**How to complete this task**. Return, from the listing that follows, each line containing the word "track".
Segment Start: Extracted records
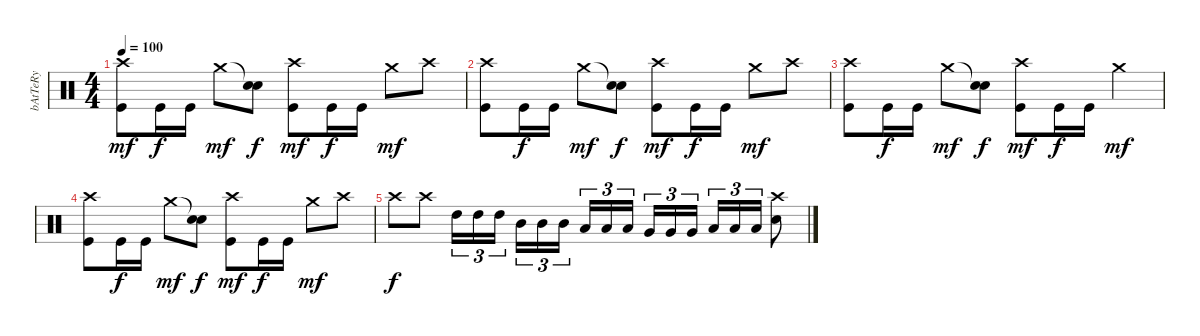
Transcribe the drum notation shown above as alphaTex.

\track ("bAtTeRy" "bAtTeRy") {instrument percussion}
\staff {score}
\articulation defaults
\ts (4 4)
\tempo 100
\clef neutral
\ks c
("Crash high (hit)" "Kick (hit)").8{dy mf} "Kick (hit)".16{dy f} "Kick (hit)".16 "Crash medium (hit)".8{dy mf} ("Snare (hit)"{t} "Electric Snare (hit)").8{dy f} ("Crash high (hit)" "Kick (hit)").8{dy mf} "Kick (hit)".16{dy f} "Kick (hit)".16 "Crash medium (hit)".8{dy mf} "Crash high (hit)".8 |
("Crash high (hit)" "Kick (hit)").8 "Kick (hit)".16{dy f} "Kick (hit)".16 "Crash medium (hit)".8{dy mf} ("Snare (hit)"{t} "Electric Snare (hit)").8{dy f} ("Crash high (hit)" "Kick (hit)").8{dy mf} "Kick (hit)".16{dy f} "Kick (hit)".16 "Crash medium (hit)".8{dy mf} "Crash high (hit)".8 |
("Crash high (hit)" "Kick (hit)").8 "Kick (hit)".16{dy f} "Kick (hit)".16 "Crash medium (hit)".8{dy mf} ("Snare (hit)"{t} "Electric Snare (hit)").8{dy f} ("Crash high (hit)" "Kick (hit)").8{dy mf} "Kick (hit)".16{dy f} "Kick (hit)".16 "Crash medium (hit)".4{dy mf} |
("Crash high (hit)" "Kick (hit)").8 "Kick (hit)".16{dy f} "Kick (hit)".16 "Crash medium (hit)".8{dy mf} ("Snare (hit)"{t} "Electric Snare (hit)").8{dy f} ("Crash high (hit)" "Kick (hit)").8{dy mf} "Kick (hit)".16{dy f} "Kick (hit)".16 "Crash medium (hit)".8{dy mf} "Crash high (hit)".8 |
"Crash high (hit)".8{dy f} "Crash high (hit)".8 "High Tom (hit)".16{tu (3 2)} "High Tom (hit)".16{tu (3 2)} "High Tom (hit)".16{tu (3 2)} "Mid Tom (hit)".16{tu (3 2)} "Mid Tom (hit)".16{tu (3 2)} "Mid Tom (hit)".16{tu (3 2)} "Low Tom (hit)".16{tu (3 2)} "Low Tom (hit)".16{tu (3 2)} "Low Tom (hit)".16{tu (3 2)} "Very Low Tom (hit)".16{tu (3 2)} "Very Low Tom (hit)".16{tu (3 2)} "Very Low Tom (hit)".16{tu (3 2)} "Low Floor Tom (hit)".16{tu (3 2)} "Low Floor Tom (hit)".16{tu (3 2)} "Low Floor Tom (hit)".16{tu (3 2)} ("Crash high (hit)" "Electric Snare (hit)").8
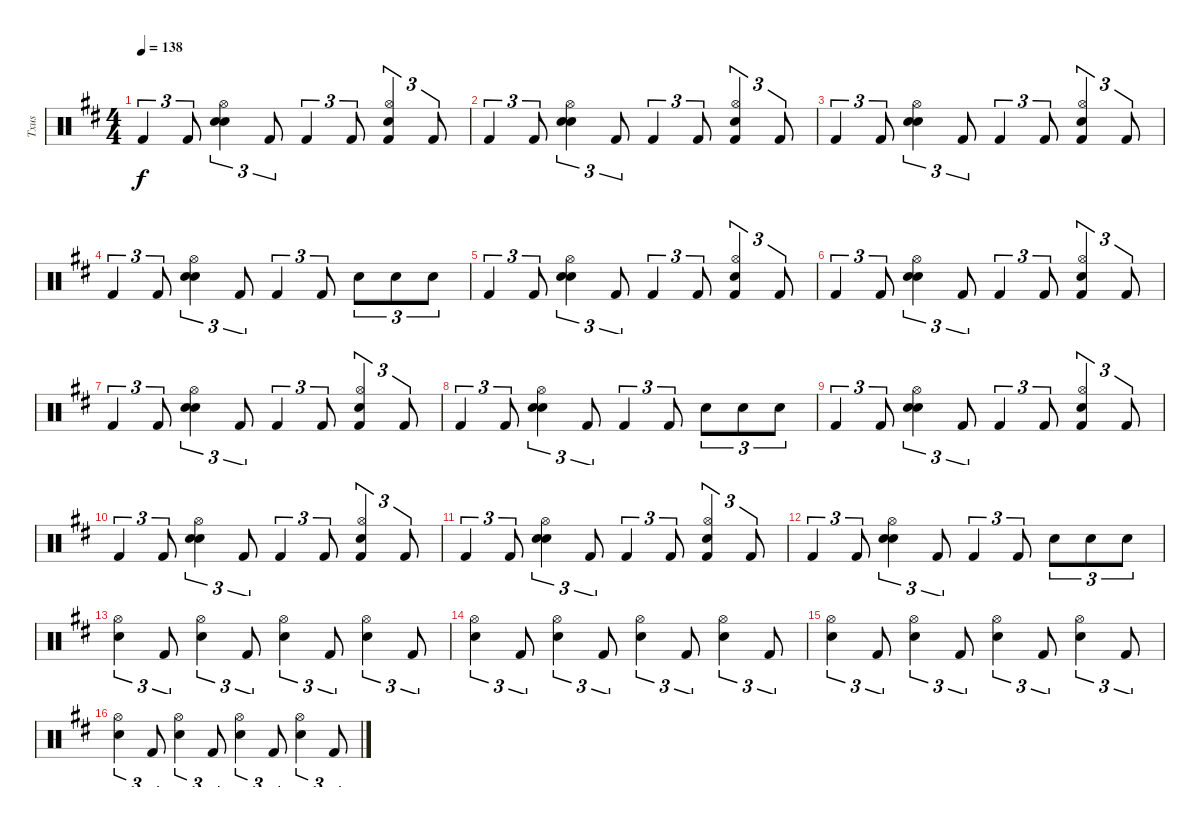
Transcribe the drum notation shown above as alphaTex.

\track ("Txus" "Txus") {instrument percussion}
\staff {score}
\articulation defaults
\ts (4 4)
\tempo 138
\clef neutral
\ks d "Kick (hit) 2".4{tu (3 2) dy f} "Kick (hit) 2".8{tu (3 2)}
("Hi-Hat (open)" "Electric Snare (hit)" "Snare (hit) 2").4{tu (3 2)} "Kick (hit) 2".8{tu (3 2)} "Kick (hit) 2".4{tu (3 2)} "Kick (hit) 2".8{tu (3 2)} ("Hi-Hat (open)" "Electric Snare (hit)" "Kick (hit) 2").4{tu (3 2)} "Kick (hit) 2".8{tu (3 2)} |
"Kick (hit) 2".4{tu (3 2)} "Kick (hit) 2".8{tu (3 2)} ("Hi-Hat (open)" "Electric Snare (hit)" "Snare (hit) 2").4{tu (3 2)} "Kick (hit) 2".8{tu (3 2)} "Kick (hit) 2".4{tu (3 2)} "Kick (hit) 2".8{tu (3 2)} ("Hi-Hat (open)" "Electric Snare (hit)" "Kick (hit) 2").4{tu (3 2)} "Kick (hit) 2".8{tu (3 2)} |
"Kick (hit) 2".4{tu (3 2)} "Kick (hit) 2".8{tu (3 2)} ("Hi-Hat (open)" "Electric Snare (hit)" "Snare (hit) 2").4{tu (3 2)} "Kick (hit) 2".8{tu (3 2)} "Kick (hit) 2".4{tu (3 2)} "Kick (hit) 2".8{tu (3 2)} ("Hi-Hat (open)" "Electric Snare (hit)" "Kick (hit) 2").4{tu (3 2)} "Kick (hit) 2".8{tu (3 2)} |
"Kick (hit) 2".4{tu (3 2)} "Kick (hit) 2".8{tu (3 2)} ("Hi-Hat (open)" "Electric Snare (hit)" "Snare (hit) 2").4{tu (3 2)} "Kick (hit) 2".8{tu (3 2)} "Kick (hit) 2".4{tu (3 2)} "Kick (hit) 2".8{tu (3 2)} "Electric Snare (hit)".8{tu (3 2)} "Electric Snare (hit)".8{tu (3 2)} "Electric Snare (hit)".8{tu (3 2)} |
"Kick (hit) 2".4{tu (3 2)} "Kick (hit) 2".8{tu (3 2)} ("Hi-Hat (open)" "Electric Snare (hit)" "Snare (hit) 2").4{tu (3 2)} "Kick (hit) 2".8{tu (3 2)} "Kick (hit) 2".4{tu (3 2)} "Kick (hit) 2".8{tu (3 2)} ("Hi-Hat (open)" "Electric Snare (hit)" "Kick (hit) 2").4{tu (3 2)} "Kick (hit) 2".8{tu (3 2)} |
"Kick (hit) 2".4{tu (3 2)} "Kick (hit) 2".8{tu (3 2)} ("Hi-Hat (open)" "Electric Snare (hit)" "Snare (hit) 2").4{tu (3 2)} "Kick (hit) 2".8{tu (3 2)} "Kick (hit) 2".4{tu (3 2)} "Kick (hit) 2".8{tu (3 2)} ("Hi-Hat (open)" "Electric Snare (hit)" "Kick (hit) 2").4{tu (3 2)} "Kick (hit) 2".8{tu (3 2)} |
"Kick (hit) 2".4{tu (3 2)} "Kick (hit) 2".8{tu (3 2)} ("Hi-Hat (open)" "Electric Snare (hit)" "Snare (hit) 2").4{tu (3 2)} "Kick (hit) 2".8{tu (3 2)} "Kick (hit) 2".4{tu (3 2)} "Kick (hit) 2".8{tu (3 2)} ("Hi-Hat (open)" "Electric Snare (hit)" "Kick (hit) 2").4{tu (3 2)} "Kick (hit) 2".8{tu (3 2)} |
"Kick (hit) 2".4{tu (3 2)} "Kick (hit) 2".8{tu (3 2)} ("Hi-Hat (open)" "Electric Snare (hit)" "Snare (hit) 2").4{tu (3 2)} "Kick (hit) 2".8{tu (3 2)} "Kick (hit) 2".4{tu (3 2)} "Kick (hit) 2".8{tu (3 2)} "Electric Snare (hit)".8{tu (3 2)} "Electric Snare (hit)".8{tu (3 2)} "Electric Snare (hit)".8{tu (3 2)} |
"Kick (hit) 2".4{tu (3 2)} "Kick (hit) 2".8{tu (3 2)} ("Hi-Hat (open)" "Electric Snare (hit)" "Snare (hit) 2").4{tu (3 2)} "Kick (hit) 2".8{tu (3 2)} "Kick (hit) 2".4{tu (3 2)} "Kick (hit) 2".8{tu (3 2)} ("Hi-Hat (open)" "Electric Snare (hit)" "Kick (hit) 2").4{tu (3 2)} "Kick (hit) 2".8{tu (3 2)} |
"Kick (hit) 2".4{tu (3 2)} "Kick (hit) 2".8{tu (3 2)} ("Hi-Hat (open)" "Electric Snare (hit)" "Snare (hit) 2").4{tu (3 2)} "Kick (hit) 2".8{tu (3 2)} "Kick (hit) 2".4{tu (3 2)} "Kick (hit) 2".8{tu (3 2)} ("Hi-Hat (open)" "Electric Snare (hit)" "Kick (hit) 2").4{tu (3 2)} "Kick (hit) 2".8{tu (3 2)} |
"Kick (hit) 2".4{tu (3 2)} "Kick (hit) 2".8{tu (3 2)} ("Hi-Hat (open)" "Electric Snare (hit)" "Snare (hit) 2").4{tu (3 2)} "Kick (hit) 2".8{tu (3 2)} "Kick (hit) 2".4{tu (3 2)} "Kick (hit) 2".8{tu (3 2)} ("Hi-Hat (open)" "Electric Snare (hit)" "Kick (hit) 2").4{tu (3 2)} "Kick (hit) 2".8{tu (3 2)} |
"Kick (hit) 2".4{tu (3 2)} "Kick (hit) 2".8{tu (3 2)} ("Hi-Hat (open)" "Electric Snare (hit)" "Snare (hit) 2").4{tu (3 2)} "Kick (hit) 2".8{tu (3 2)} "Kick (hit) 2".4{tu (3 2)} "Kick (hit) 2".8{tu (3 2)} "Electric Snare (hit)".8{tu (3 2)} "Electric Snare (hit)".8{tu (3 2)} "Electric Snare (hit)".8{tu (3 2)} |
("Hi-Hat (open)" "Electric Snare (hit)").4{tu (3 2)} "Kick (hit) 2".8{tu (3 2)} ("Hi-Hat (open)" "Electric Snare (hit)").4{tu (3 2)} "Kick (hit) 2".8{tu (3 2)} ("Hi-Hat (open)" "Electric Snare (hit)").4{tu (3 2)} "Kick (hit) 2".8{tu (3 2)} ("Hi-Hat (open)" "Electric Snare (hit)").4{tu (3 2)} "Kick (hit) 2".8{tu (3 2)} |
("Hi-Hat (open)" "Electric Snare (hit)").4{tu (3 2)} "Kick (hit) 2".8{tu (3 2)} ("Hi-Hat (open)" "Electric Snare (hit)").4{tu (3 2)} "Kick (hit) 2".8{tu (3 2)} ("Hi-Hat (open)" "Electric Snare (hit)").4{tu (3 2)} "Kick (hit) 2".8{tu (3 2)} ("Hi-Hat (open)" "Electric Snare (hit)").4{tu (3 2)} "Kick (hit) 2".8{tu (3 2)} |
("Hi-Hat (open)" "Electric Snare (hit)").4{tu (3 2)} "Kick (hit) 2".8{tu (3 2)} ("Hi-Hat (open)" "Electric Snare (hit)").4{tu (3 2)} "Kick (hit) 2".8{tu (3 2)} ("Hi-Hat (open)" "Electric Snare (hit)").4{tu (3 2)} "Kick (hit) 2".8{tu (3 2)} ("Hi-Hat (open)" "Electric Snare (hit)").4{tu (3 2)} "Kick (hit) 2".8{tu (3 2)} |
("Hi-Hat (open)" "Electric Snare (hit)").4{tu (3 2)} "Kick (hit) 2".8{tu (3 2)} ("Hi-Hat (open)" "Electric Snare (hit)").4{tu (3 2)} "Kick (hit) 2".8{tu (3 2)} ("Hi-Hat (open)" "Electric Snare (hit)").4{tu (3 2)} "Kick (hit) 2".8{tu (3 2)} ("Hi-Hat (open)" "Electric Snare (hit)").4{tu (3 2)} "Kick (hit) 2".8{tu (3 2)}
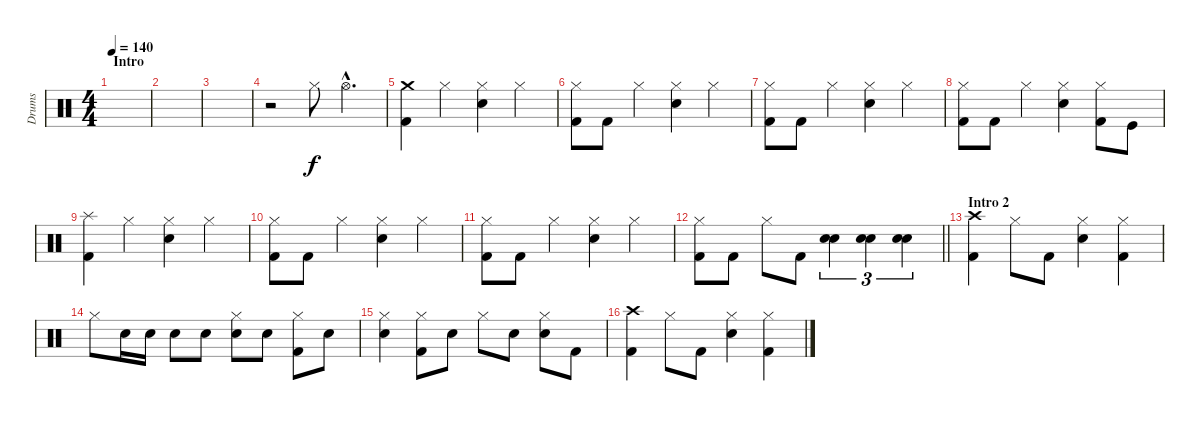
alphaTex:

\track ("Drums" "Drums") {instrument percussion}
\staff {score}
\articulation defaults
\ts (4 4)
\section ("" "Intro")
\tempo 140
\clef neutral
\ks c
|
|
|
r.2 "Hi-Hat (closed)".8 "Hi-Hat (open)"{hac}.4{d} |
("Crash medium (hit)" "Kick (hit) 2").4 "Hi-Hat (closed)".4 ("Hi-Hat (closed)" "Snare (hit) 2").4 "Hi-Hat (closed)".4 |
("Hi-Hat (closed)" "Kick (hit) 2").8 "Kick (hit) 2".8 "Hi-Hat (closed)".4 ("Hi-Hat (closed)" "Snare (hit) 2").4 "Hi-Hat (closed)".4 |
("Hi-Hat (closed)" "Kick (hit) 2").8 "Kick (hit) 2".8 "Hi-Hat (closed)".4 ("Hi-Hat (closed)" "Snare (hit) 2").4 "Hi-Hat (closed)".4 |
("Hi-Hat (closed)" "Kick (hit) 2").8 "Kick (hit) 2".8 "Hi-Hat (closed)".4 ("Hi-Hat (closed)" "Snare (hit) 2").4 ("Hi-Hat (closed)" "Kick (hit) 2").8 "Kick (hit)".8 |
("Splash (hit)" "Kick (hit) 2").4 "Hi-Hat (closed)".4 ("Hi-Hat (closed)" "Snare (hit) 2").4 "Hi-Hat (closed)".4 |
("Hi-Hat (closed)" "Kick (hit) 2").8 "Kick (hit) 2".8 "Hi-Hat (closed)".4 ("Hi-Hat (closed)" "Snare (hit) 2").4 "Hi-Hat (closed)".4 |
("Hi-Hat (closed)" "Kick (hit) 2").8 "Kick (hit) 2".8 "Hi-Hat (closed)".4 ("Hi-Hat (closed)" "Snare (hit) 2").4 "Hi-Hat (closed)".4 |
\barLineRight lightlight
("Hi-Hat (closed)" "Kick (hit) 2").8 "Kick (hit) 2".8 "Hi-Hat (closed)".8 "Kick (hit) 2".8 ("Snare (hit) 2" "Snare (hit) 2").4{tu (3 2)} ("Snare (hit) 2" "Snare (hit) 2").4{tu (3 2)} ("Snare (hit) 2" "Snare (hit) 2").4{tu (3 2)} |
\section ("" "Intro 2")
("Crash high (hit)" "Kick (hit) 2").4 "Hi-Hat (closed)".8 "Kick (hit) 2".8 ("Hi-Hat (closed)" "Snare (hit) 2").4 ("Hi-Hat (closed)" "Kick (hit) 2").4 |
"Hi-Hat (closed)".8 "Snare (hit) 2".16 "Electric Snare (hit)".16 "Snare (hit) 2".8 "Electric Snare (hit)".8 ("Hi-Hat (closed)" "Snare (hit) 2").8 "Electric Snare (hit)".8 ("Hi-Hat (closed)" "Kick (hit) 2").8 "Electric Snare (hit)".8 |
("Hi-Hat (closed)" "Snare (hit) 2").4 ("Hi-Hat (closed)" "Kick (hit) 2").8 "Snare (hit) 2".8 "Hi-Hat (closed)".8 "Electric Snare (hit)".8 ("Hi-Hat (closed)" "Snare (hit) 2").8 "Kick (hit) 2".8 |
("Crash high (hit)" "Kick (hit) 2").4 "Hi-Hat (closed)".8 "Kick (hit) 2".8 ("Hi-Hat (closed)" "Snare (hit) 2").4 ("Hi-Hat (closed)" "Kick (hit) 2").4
Segment End: Extracted records
**Exercise output**.
\track ("bAtTeRy" "bAtTeRy") {instrument percussion}
\track ("Txus" "Txus") {instrument percussion}
\track ("Drums" "Drums") {instrument percussion}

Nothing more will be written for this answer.